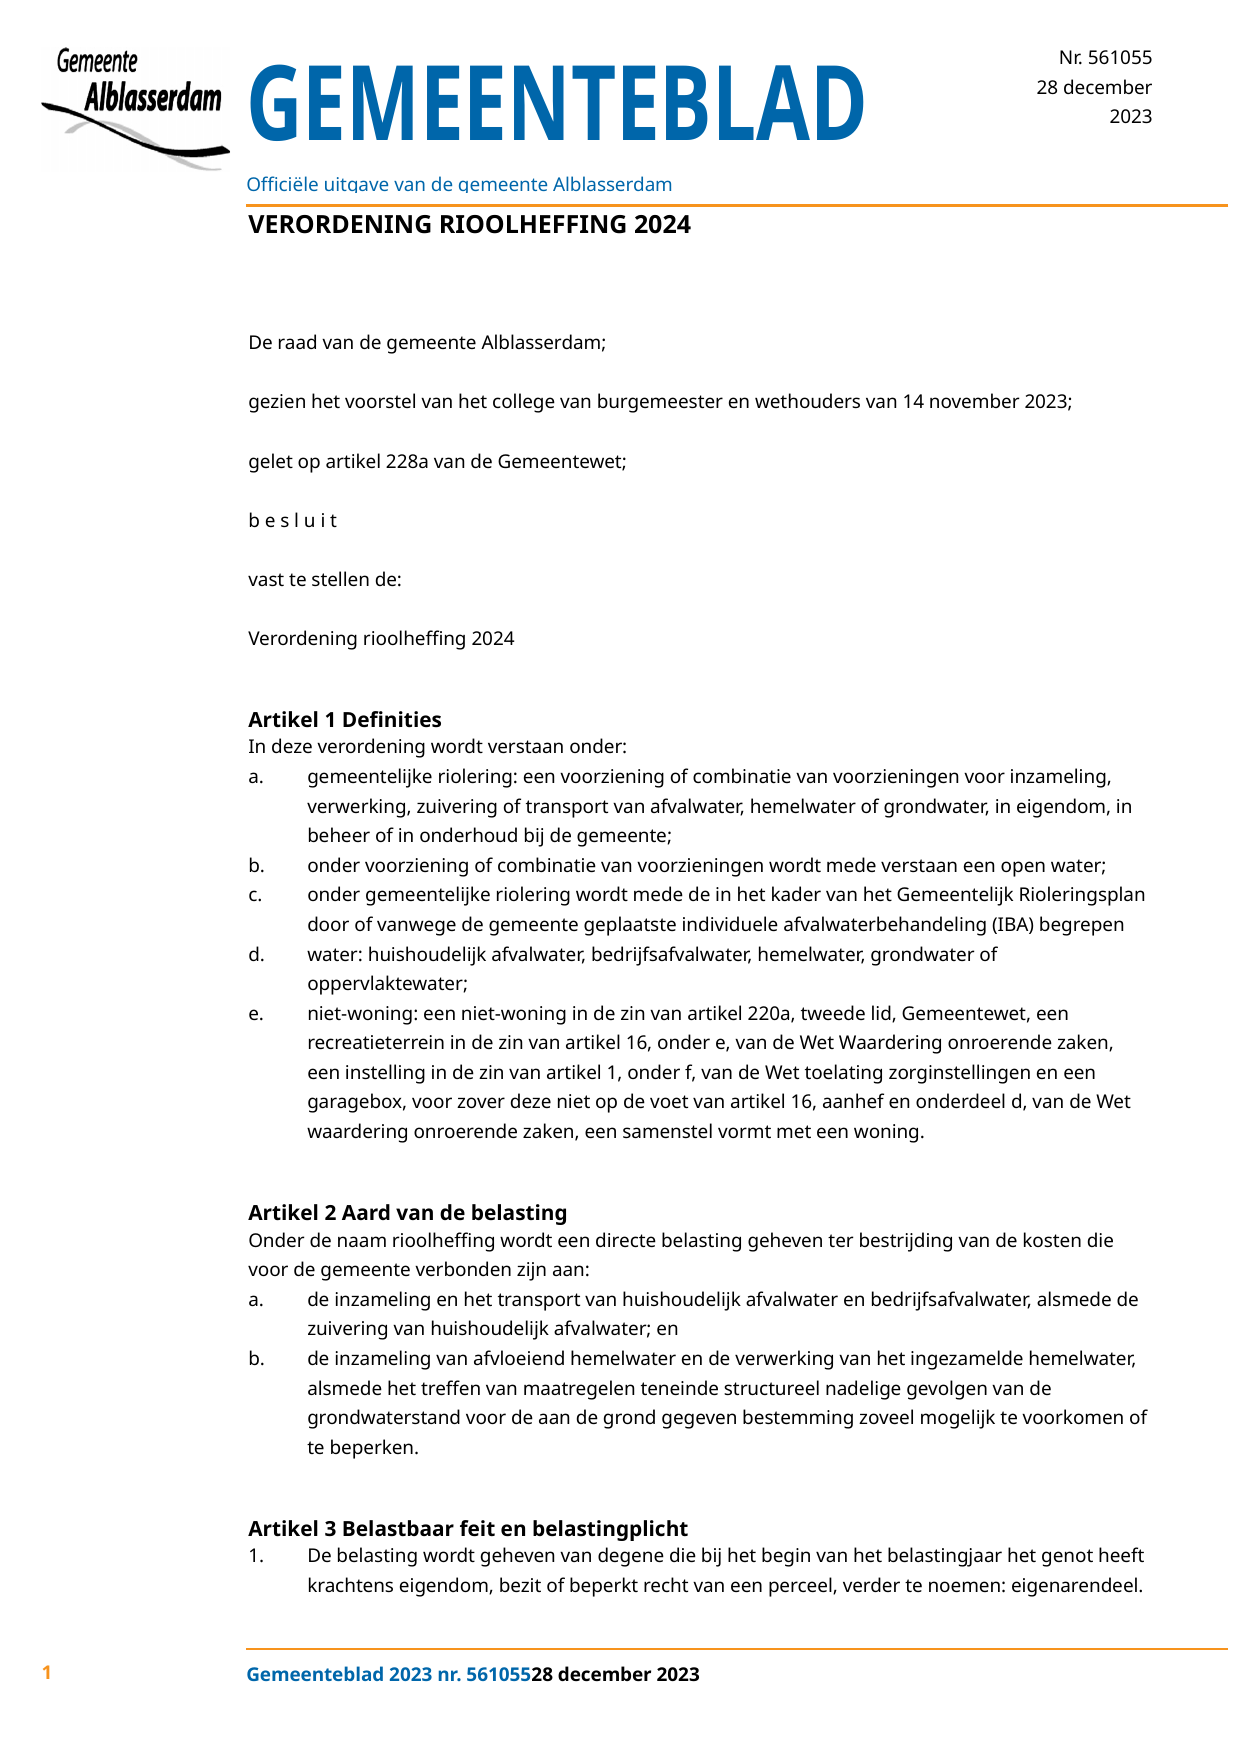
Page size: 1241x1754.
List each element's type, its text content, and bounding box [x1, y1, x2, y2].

text gelet op artikel 228a van de Gemeentewet; [248, 448, 1152, 473]
text vast te stellen de: [248, 566, 1152, 592]
text In deze verordening wordt verstaan onder: [248, 734, 1152, 759]
picture [41, 47, 231, 172]
list water: huishoudelijk afvalwater, bedrijfsafvalwater, hemelwater, grondwater of oppervlaktewater; [248, 941, 1152, 996]
list de inzameling van afvloeiend hemelwater en de verwerking van het ingezamelde hemelwater, alsmede het treffen van maatregelen teneinde structureel nadelige gevolgen van de grondwaterstand voor de aan de grond gegeven bestemming zoveel mogelijk te voorkomen of te beperken. [248, 1345, 1152, 1459]
text Onder de naam rioolheffing wordt een directe belasting geheven ter bestrijding van de kosten die voor de gemeente verbonden zijn aan: [248, 1227, 1152, 1282]
list De belasting wordt geheven van degene die bij het begin van het belastingjaar het genot heeft krachtens eigendom, bezit of beperkt recht van een perceel, verder te noemen: eigenarendeel. [248, 1542, 1152, 1598]
text Artikel 2 Aard van de belasting [248, 1198, 1152, 1227]
text Artikel 1 Definities [248, 705, 1152, 734]
text De raad van de gemeente Alblasserdam; [248, 329, 1152, 355]
text Artikel 3 Belastbaar feit en belastingplicht [248, 1514, 1152, 1542]
text Verordening rioolheffing 2024 [248, 625, 1152, 651]
text b e s l u i t [248, 507, 1152, 533]
list onder gemeentelijke riolering wordt mede de in het kader van het Gemeentelijk Rioleringsplan door of vanwege de gemeente geplaatste individuele afvalwaterbehandeling (IBA) begrepen [248, 882, 1152, 937]
list de inzameling en het transport van huishoudelijk afvalwater en bedrijfsafvalwater, alsmede de zuivering van huishoudelijk afvalwater; en [248, 1286, 1152, 1341]
list niet-woning: een niet-woning in de zin van artikel 220a, tweede lid, Gemeentewet, een recreatieterrein in de zin van artikel 16, onder e, van de Wet Waardering onroerende zaken, een instelling in de zin van artikel 1, onder f, van de Wet toelating zorginstellingen en een garagebox, voor zover deze niet op de voet van artikel 16, aanhef en onderdeel d, van de Wet waardering onroerende zaken, een samenstel vormt met een woning. [248, 1000, 1152, 1144]
list gemeentelijke riolering: een voorziening of combinatie van voorzieningen voor inzameling, verwerking, zuivering of transport van afvalwater, hemelwater of grondwater, in eigendom, in beheer of in onderhoud bij de gemeente; [248, 763, 1152, 848]
list onder voorziening of combinatie van voorzieningen wordt mede verstaan een open water; [248, 852, 1152, 878]
text gezien het voorstel van het college van burgemeester en wethouders van 14 november 2023; [248, 389, 1152, 414]
text VERORDENING RIOOLHEFFING 2024 [248, 207, 1152, 241]

____________

■ **Exercise brief**
In the entries above, please find the line with "text In deze" and the line with "list de inzameling van", then write out exactly those two lines and every line between them, and nothing more.

■ **Written response**
text In deze verordening wordt verstaan onder: [248, 734, 1152, 759]
picture [41, 47, 231, 172]
list water: huishoudelijk afvalwater, bedrijfsafvalwater, hemelwater, grondwater of oppervlaktewater; [248, 941, 1152, 996]
list de inzameling van afvloeiend hemelwater en de verwerking van het ingezamelde hemelwater, alsmede het treffen van maatregelen teneinde structureel nadelige gevolgen van de grondwaterstand voor de aan de grond gegeven bestemming zoveel mogelijk te voorkomen of te beperken. [248, 1345, 1152, 1459]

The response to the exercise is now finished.